Have you forgotten who it is that generates salvific faith? and the verses that tell us that it is not of ourselves? Have you not considered that regeneration is the means by which faith is given. Faith is the work of the Spirit of God in the person, necessarily generated by the Spirit (from our POV we might be tempted to say that "the Spirit can't help himself —he has to generate faith" for lack of a better way to describe what happens). The Spirit of God put there by God, for God's sake, to make us his dwelling place, changes us, changes our very nature, and I don't mean just makes us want better good, and access to God, etc, but that WE are changed, to a one-ness with God, by the Spirit. All our subsequent conscious obediences are still subconsciously by the Spirit. It is not just our choices, but him working in us both to will and to do of his good pleasure (i.e. according to his choice).
But consider 1 John 1:9. The Greek grammatical construction implies an awkward English rendering something like, "If we confess our sins, he is faithful and just to have already forgiven us our sins..." Completed action in the past, contingent on our current confession.
You want a repentance that results in regeneration? Have it your way, but the regeneration already happened, or the repentance would not be in faith.

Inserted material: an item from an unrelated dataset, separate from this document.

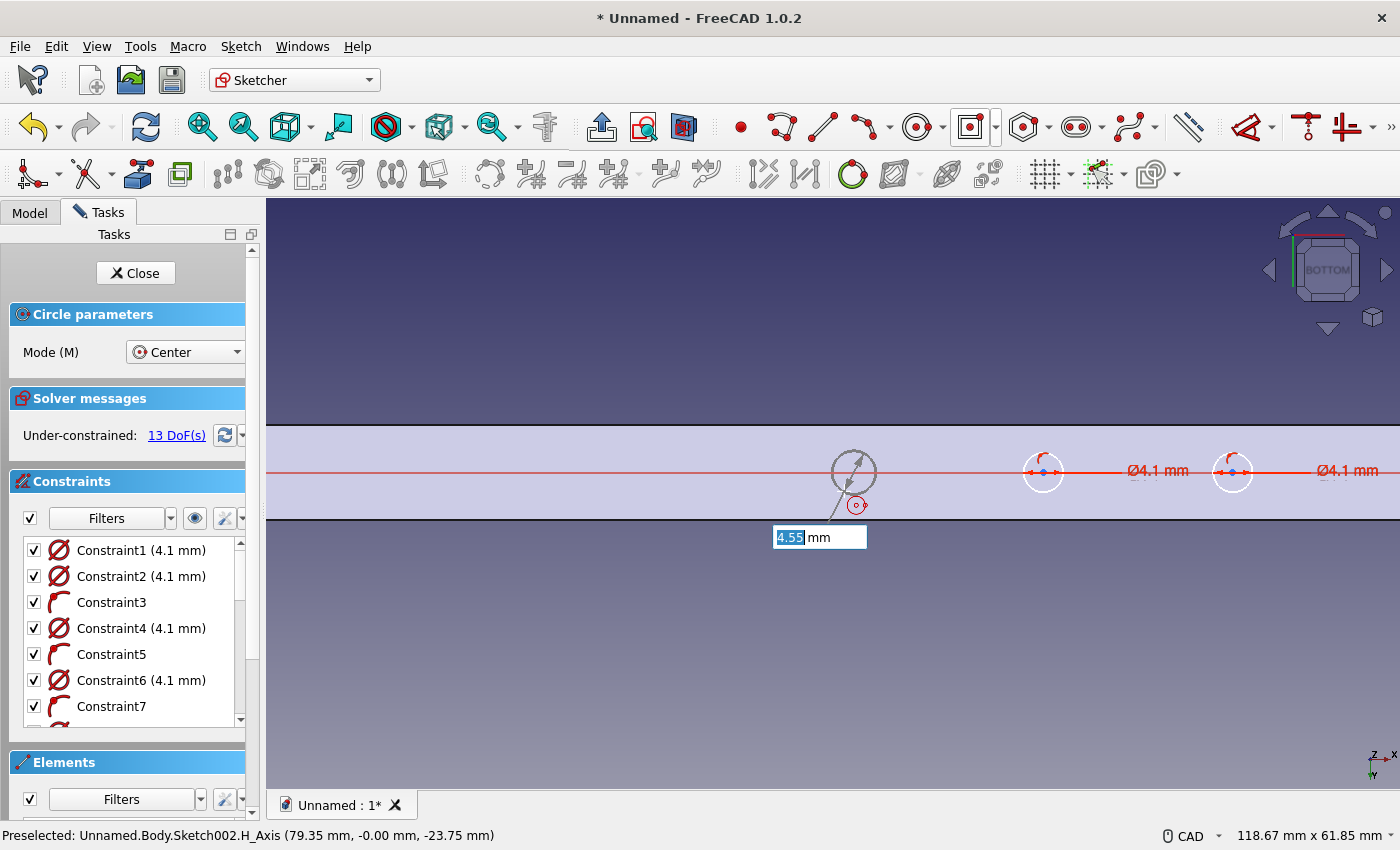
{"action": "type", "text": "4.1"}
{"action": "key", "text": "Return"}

If we do not have faith, we do not have the Spirit. If we do not have the Spirit we do not have regeneration. Both are the necessary result of the Spirit. But without the Spirit we do not have faith, therefore, we also do not have regeneration. But if the Spirit makes his home in us, we have regeneration by definition, and so we also have faith. Both are necessary results of God making his home in us. Neither are the result of the will of man.